Exercise: alternating movements
Perform one set of 11 exercises (listed below) as quickly as possible with a short break in between.
You must complete all repetitions before moving on to the next exercise.
1. Climbing a seven-meter rope with the help of legs - 5 (body weight)
2. Squats with weight - 5 (85 kg)
3. Throwing the ball on the floor - 5 (12.5 kg)
4. Tug-of-war machine - 10 (40 kg)
5. Bench press - 10 (80 kg)
6. Throwing the ball on the floor - 10 (12.5 kg)
7. Pull-ups - 15 (body weight)
8. Reverse push-ups - 15 (body weight)
9. Throwing the ball on the floor - 15 (10 kg)
10. Pulling a thick rope - 20 (without weight)
11. Striking a rope on the floor - 20 (without weight)
Jason time: 23:53

Day 6

Any sport or activity (endurance training) that lasts more than 60 minutes.
Jason often goes jogging in the mountains.

Day 7

Training video:

Jason Statham- one of the most famous English actors of our time, who for many years keeps himself in great shape. He needs this not only to independently perform dangerous stunts on stage, but also to maintain a healthy lifestyle. He trains according to his own developed scheme, which differs significantly from standard fitness complexes.

Today we will tell you how this iron guy has achieved such success. First of all, Jason maintains a strict diet. During the filming period, the actor is especially sensitive to his diet, but on a typical day he tries not to cross the bar of 2000 calories.

Jason's trainer, Logan Hood, has developed a specialized training system for the actor that helps him build muscle without any problems. Result on the face.

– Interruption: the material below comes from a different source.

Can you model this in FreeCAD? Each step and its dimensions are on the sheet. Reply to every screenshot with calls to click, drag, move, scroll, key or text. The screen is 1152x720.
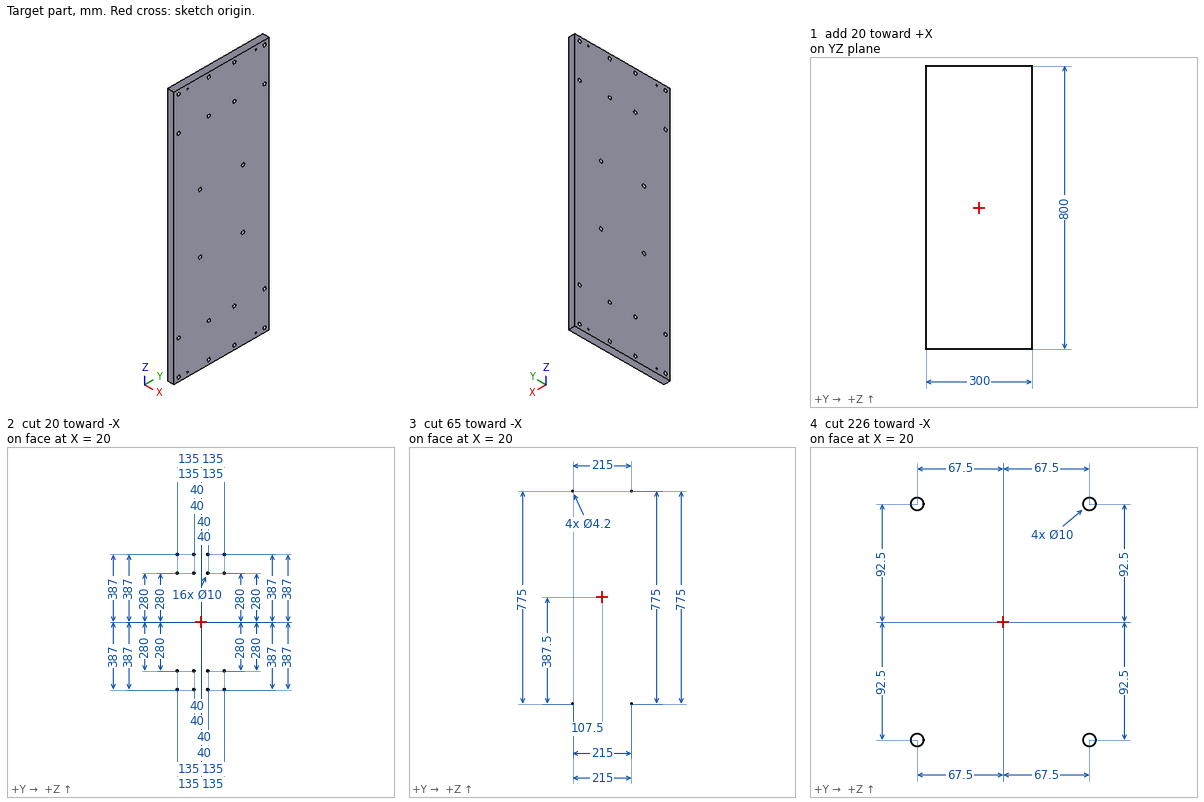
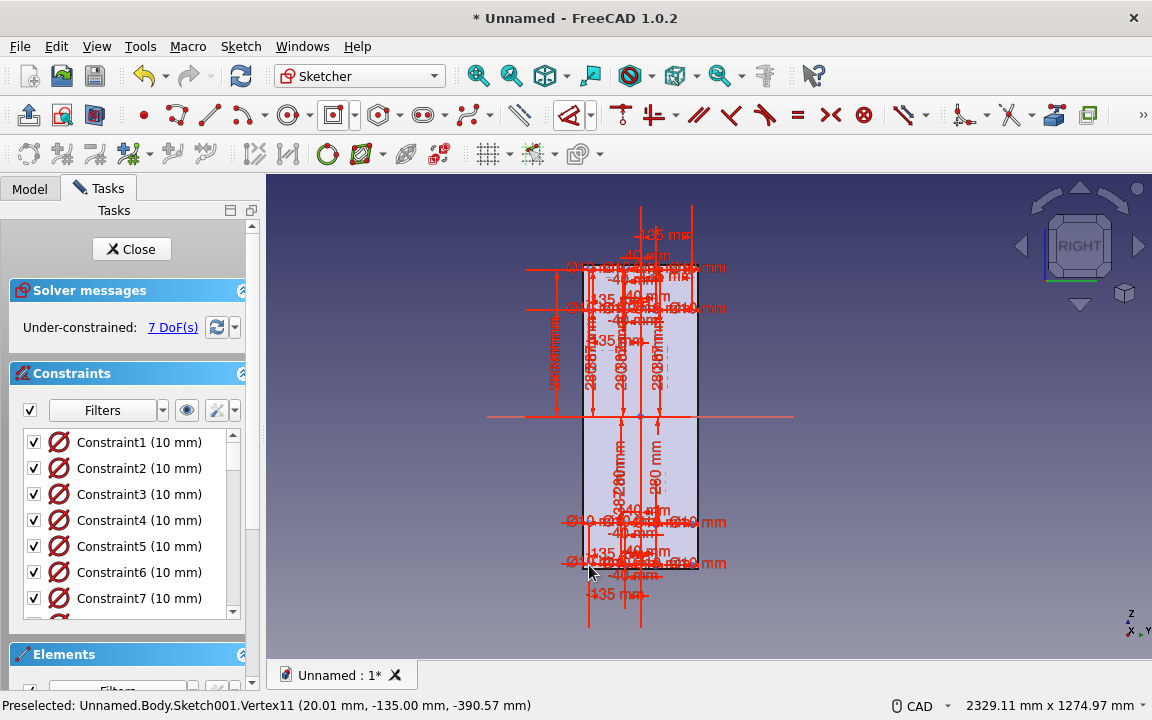
click(625, 565)
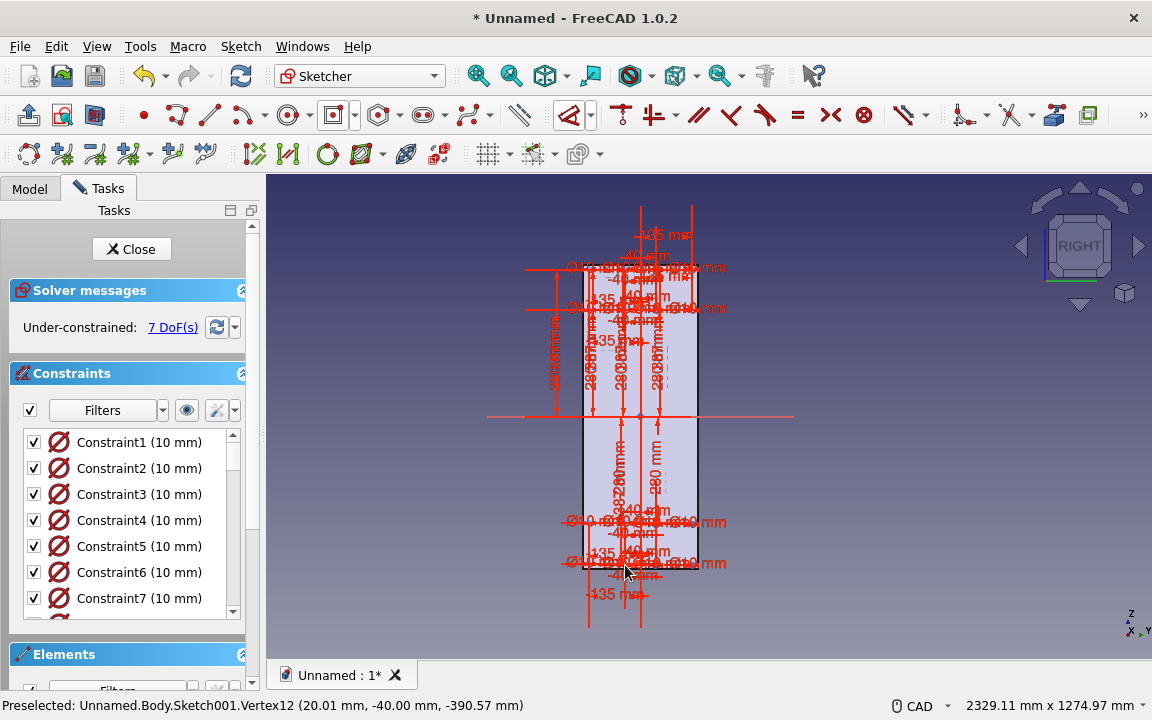
key(i)

Here are just a few rules that Jason Statham adheres to in everyday life:

No repeats

In his interview, the actor admits that in the entire six-day cycle he never repeated the same exercise twice.

Consider all parameters

Reps, weights and times for all exercises are recorded in the actor's training diary. Further, this data is analyzed, which allows you to understand how much you need to further increase or decrease the weight, or the intensity of the exercises.

Tune in to the result

During training, all emotions should be turned off, classes have only one goal: to win.

Work out stabilizers

When building a workout, Statham pays special attention to training on stabilizing muscles, or “core” muscles, which help build a strong and strong back and abs, as well as prepare the body for functional loads. As exercises for stabilizers, Jason has to regularly perform more than 500 squat variations, various jumps, planks, leg raises.

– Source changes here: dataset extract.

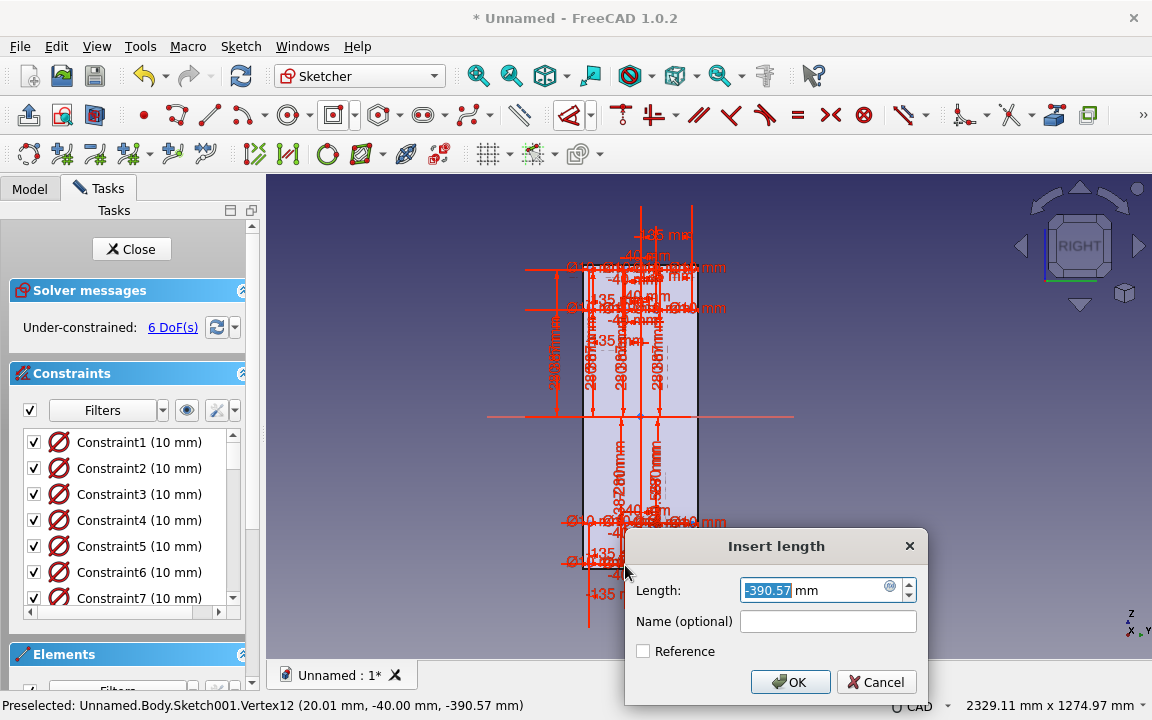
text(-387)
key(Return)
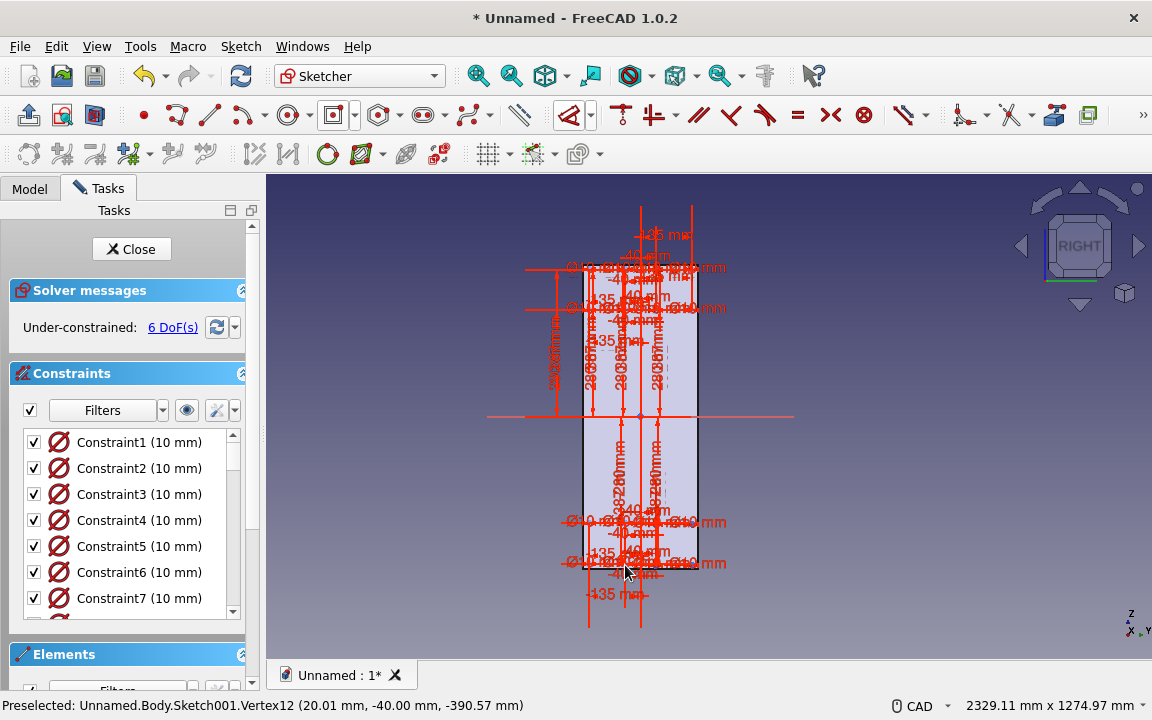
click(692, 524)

Martial arts as an element of training

Jason Statham is a fan of mixed martial arts, and knowing this, his trainer Logan loves to weave martial elements into a regular workout. Shadow boxing, punching and kicking punching bags and sandbags, jumping punches and other exercises help to maintain the tone of the workout and warm up the muscles, although they have little effect on training Jason's fighting qualities.

Use your weight

To train "explosive" strength and reflexes, Statham always uses plyometric exercises. These short, but very heavy complexes do not require special equipment.

"Pocket workout" - your backup plan

Even in the absence of free time, Jason always has a simplified training option that does not require equipment and space.

Jason Statham diet

The actor's diet includes the basics of proper and natural nutrition. It is based on 3 basic principles:

1. No sugar or flour products. Bread and pasta are excluded, as well as any sweets. According to Jason, this is always the hardest part of the diet.

2. The actor keeps a detailed food diary, recording his diet for the day. Even ordinary water is not without accounting.

3. Separation of calories. Statham eats 5-6 meals a day using the age-old principle of calorie sharing.